PROBLEM DETAILS ▸ Please restate every entry exactly. Leave out the pictures.

DATA LISTING ▸
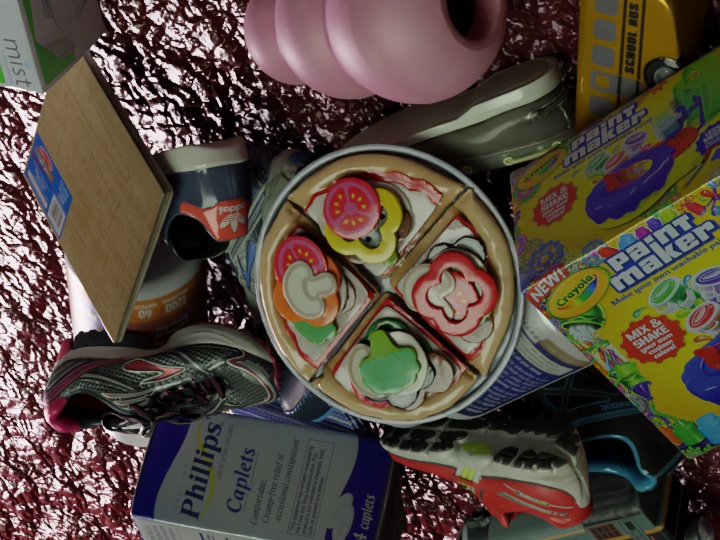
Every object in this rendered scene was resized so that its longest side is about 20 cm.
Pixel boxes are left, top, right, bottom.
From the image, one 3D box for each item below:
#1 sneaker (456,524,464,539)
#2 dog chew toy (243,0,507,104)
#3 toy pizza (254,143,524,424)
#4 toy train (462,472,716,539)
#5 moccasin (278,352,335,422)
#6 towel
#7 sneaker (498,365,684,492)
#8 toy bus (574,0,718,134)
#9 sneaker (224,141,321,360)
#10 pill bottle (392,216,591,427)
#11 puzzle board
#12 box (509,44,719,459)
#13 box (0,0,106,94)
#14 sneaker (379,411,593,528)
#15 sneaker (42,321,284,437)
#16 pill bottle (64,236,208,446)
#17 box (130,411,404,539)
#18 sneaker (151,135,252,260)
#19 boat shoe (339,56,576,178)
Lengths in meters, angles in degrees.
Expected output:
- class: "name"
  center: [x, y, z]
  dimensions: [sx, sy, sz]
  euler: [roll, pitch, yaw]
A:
- class: "sneaker"
  center: [0.084, 0.287, 1.781]
  dimensions: [0.076, 0.091, 0.200]
  euler: [33, 137, 4]
- class: "dog chew toy"
  center: [0.001, -0.169, 1.392]
  dimensions: [0.200, 0.125, 0.125]
  euler: [-3, 127, 44]
- class: "toy pizza"
  center: [0.015, 0.013, 1.432]
  dimensions: [0.200, 0.032, 0.201]
  euler: [5, 105, 20]
- class: "toy train"
  center: [0.177, 0.209, 1.639]
  dimensions: [0.200, 0.085, 0.114]
  euler: [-17, 127, 34]
- class: "moccasin"
  center: [-0.027, 0.021, 1.515]
  dimensions: [0.080, 0.068, 0.200]
  euler: [52, 128, 48]
- class: "towel"
  center: [-0.054, 0.111, 1.705]
  dimensions: [0.145, 0.024, 0.200]
  euler: [16, 158, 23]
- class: "sneaker"
  center: [0.152, 0.103, 1.572]
  dimensions: [0.200, 0.082, 0.073]
  euler: [16, 138, 22]
- class: "toy bus"
  center: [0.184, -0.117, 1.357]
  dimensions: [0.078, 0.065, 0.200]
  euler: [16, 135, 19]
- class: "sneaker"
  center: [-0.070, -0.019, 1.618]
  dimensions: [0.085, 0.077, 0.200]
  euler: [25, 131, 25]
- class: "pill bottle"
  center: [0.089, 0.041, 1.513]
  dimensions: [0.200, 0.120, 0.120]
  euler: [-29, 110, 39]
- class: "puzzle board"
  center: [-0.200, -0.067, 1.582]
  dimensions: [0.200, 0.017, 0.151]
  euler: [57, 139, 37]
- class: "box"
  center: [0.231, -0.017, 1.306]
  dimensions: [0.200, 0.122, 0.193]
  euler: [-32, 123, 25]
- class: "box"
  center: [-0.298, -0.247, 1.522]
  dimensions: [0.176, 0.097, 0.200]
  euler: [13, 134, 25]
- class: "sneaker"
  center: [0.093, 0.152, 1.566]
  dimensions: [0.200, 0.077, 0.085]
  euler: [13, 131, 49]
- class: "sneaker"
  center: [-0.150, 0.094, 1.611]
  dimensions: [0.200, 0.075, 0.081]
  euler: [-5, 130, 21]
- class: "pill bottle"
  center: [-0.180, 0.048, 1.709]
  dimensions: [0.112, 0.112, 0.200]
  euler: [18, 136, 17]
- class: "box"
  center: [-0.071, 0.201, 1.720]
  dimensions: [0.200, 0.105, 0.184]
  euler: [9, 155, 8]
- class: "sneaker"
  center: [-0.139, -0.048, 1.570]
  dimensions: [0.200, 0.075, 0.085]
  euler: [176, 83, -67]
- class: "boat shoe"
  center: [0.065, -0.089, 1.455]
  dimensions: [0.202, 0.072, 0.060]
  euler: [-17, 113, 37]
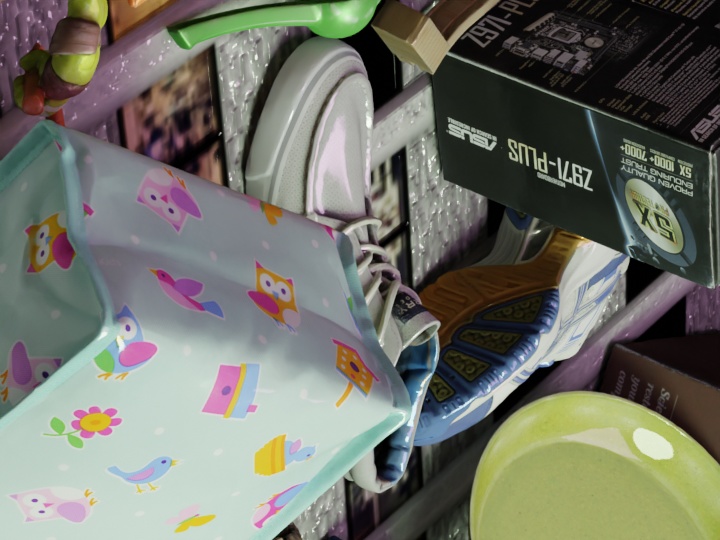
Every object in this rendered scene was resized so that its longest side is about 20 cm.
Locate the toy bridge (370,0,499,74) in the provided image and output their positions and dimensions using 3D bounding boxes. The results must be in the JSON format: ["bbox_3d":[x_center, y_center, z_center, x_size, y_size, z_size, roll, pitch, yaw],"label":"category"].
[{"bbox_3d":[0.075,-0.179,1.351,0.200,0.027,0.067,-60,150,-10],"label":"toy bridge"}]

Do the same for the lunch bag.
[{"bbox_3d":[-0.111,0.054,1.098,0.170,0.122,0.200,19,132,-43],"label":"lunch bag"}]

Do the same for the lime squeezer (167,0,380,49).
[{"bbox_3d":[-0.007,-0.149,1.254,0.071,0.038,0.200,48,67,-23],"label":"lime squeezer"}]

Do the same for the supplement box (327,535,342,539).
[{"bbox_3d":[-0.016,0.254,1.426,0.200,0.109,0.110,-52,146,-20],"label":"supplement box"}]

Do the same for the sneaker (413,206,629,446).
[{"bbox_3d":[0.082,0.029,1.456,0.200,0.075,0.088,-47,144,-27],"label":"sneaker"}]

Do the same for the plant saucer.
[{"bbox_3d":[0.134,0.161,1.517,0.200,0.200,0.031,-32,173,-42],"label":"plant saucer"}]

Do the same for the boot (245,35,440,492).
[{"bbox_3d":[0.000,0.000,1.292,0.073,0.095,0.201,-24,129,-48],"label":"boot"}]

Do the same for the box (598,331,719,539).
[{"bbox_3d":[0.239,0.139,1.676,0.200,0.164,0.166,-3,113,-55],"label":"box"}]

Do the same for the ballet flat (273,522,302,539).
[{"bbox_3d":[-0.092,0.148,1.300,0.200,0.046,0.068,-16,123,-51],"label":"ballet flat"}]

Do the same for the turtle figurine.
[{"bbox_3d":[-0.109,-0.120,1.034,0.161,0.064,0.201,-14,115,-68],"label":"turtle figurine"}]

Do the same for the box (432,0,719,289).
[{"bbox_3d":[0.158,-0.103,1.398,0.200,0.164,0.086,-43,142,-34],"label":"box"}]
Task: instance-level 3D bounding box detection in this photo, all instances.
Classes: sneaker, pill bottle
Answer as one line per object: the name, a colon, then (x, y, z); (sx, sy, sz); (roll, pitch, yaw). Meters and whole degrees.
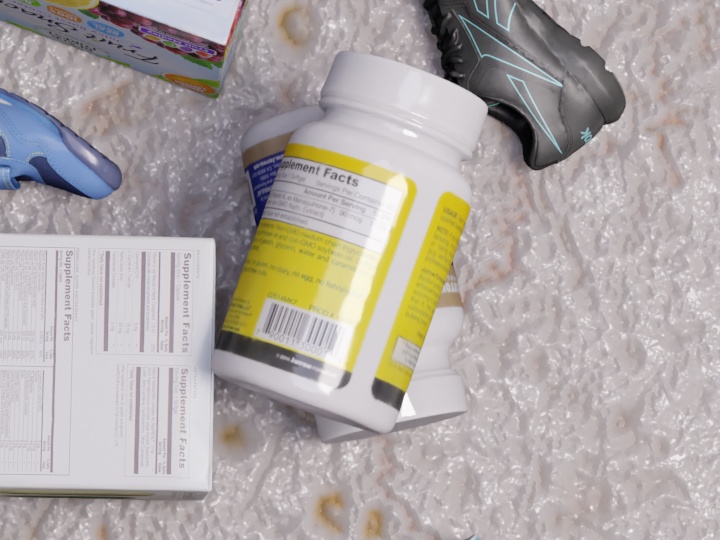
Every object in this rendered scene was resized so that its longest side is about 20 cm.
sneaker: (0.078, -0.151, 1.767); (0.079, 0.075, 0.200); (-44, 88, -6)
pill bottle: (-0.002, -0.017, 1.607); (0.114, 0.114, 0.201); (20, 85, -2)
sneaker: (-0.245, -0.077, 1.735); (0.199, 0.074, 0.083); (21, 83, 6)
pill bottle: (0.000, 0.000, 1.721); (0.115, 0.116, 0.201); (-12, 85, -6)

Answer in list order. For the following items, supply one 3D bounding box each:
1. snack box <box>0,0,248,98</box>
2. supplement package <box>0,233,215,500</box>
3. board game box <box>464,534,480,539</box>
snack box: (-0.171, -0.176, 1.715); (0.199, 0.142, 0.053); (20, 81, -1)
supplement package: (-0.189, 0.061, 1.678); (0.199, 0.152, 0.151); (1, 83, -5)
board game box: (0.076, 0.287, 1.717); (0.147, 0.064, 0.200); (-40, 86, -8)

EXPECTED OUTPUT ▸
Every object in this rendered scene was resized so that its longest side is about 20 cm.
Pixel boxes are left, top, right, bottom.
From the image, one 3D box for each item below:
#1 sneaker (456,524,464,539)
#2 dog chew toy (243,0,507,104)
#3 toy pizza (254,143,524,424)
#4 toy train (462,472,716,539)
#5 moccasin (278,352,335,422)
#6 towel
#7 sneaker (498,365,684,492)
#8 toy bus (574,0,718,134)
#9 sneaker (224,141,321,360)
#10 pill bottle (392,216,591,427)
#11 puzzle board
#12 box (509,44,719,459)
#13 box (0,0,106,94)
#14 sneaker (379,411,593,528)
#15 sneaker (42,321,284,437)
#16 pill bottle (64,236,208,446)
#17 box (130,411,404,539)
#18 sneaker (151,135,252,260)
#19 boat shoe (339,56,576,178)
Lengths in meters, angles in degrees.
Expected output:
- class: "name"
  center: [x, y, z]
  dimensions: [sx, sy, sz]
  euler: [roll, pitch, yaw]
A:
- class: "sneaker"
  center: [0.084, 0.287, 1.781]
  dimensions: [0.076, 0.091, 0.200]
  euler: [33, 137, 4]
- class: "dog chew toy"
  center: [0.001, -0.169, 1.392]
  dimensions: [0.200, 0.125, 0.125]
  euler: [-3, 127, 44]
- class: "toy pizza"
  center: [0.015, 0.013, 1.432]
  dimensions: [0.200, 0.032, 0.201]
  euler: [5, 105, 20]
- class: "toy train"
  center: [0.177, 0.209, 1.639]
  dimensions: [0.200, 0.085, 0.114]
  euler: [-17, 127, 34]
- class: "moccasin"
  center: [-0.027, 0.021, 1.515]
  dimensions: [0.080, 0.068, 0.200]
  euler: [52, 128, 48]
- class: "towel"
  center: [-0.054, 0.111, 1.705]
  dimensions: [0.145, 0.024, 0.200]
  euler: [16, 158, 23]
- class: "sneaker"
  center: [0.152, 0.103, 1.572]
  dimensions: [0.200, 0.082, 0.073]
  euler: [16, 138, 22]
- class: "toy bus"
  center: [0.184, -0.117, 1.357]
  dimensions: [0.078, 0.065, 0.200]
  euler: [16, 135, 19]
- class: "sneaker"
  center: [-0.070, -0.019, 1.618]
  dimensions: [0.085, 0.077, 0.200]
  euler: [25, 131, 25]
- class: "pill bottle"
  center: [0.089, 0.041, 1.513]
  dimensions: [0.200, 0.120, 0.120]
  euler: [-29, 110, 39]
- class: "puzzle board"
  center: [-0.200, -0.067, 1.582]
  dimensions: [0.200, 0.017, 0.151]
  euler: [57, 139, 37]
- class: "box"
  center: [0.231, -0.017, 1.306]
  dimensions: [0.200, 0.122, 0.193]
  euler: [-32, 123, 25]
- class: "box"
  center: [-0.298, -0.247, 1.522]
  dimensions: [0.176, 0.097, 0.200]
  euler: [13, 134, 25]
- class: "sneaker"
  center: [0.093, 0.152, 1.566]
  dimensions: [0.200, 0.077, 0.085]
  euler: [13, 131, 49]
- class: "sneaker"
  center: [-0.150, 0.094, 1.611]
  dimensions: [0.200, 0.075, 0.081]
  euler: [-5, 130, 21]
- class: "pill bottle"
  center: [-0.180, 0.048, 1.709]
  dimensions: [0.112, 0.112, 0.200]
  euler: [18, 136, 17]
- class: "box"
  center: [-0.071, 0.201, 1.720]
  dimensions: [0.200, 0.105, 0.184]
  euler: [9, 155, 8]
- class: "sneaker"
  center: [-0.139, -0.048, 1.570]
  dimensions: [0.200, 0.075, 0.085]
  euler: [176, 83, -67]
- class: "boat shoe"
  center: [0.065, -0.089, 1.455]
  dimensions: [0.202, 0.072, 0.060]
  euler: [-17, 113, 37]
Every object in this rendered scene was resized so that its longest side is about 20 cm.
Locate the toy bridge (370,0,499,74) in the provided image and output their positions and dimensions using 3D bounding boxes. The results must be in the JSON format: ["bbox_3d":[x_center, y_center, z_center, x_size, y_size, z_size, roll, pitch, yaw],"label":"category"].
[{"bbox_3d":[0.075,-0.179,1.351,0.200,0.027,0.067,-60,150,-10],"label":"toy bridge"}]

Do the same for the lunch bag.
[{"bbox_3d":[-0.111,0.054,1.098,0.170,0.122,0.200,19,132,-43],"label":"lunch bag"}]

Do the same for the lime squeezer (167,0,380,49).
[{"bbox_3d":[-0.007,-0.149,1.254,0.071,0.038,0.200,48,67,-23],"label":"lime squeezer"}]

Do the same for the supplement box (327,535,342,539).
[{"bbox_3d":[-0.016,0.254,1.426,0.200,0.109,0.110,-52,146,-20],"label":"supplement box"}]

Do the same for the sneaker (413,206,629,446).
[{"bbox_3d":[0.082,0.029,1.456,0.200,0.075,0.088,-47,144,-27],"label":"sneaker"}]

Do the same for the plant saucer.
[{"bbox_3d":[0.134,0.161,1.517,0.200,0.200,0.031,-32,173,-42],"label":"plant saucer"}]

Do the same for the boot (245,35,440,492).
[{"bbox_3d":[0.000,0.000,1.292,0.073,0.095,0.201,-24,129,-48],"label":"boot"}]

Do the same for the box (598,331,719,539).
[{"bbox_3d":[0.239,0.139,1.676,0.200,0.164,0.166,-3,113,-55],"label":"box"}]

Do the same for the ballet flat (273,522,302,539).
[{"bbox_3d":[-0.092,0.148,1.300,0.200,0.046,0.068,-16,123,-51],"label":"ballet flat"}]

Do the same for the turtle figurine.
[{"bbox_3d":[-0.109,-0.120,1.034,0.161,0.064,0.201,-14,115,-68],"label":"turtle figurine"}]

Do the same for the box (432,0,719,289).
[{"bbox_3d":[0.158,-0.103,1.398,0.200,0.164,0.086,-43,142,-34],"label":"box"}]
Task: instance-level 3D bounding box detection in this photo, all instances.
Classes: sneaker, pill bottle
Answer as one line per object: the name, a colon, then (x, y, z); (sx, sy, sz); (roll, pitch, yaw). Meters and whole degrees.
Every object in this rendered scene was resized so that its longest side is about 20 cm.
sneaker: (0.078, -0.151, 1.767); (0.079, 0.075, 0.200); (-44, 88, -6)
pill bottle: (-0.002, -0.017, 1.607); (0.114, 0.114, 0.201); (20, 85, -2)
sneaker: (-0.245, -0.077, 1.735); (0.199, 0.074, 0.083); (21, 83, 6)
pill bottle: (0.000, 0.000, 1.721); (0.115, 0.116, 0.201); (-12, 85, -6)

Answer in list order. For the following items, supply one 3D bounding box each:
1. snack box <box>0,0,248,98</box>
2. supplement package <box>0,233,215,500</box>
3. board game box <box>464,534,480,539</box>
snack box: (-0.171, -0.176, 1.715); (0.199, 0.142, 0.053); (20, 81, -1)
supplement package: (-0.189, 0.061, 1.678); (0.199, 0.152, 0.151); (1, 83, -5)
board game box: (0.076, 0.287, 1.717); (0.147, 0.064, 0.200); (-40, 86, -8)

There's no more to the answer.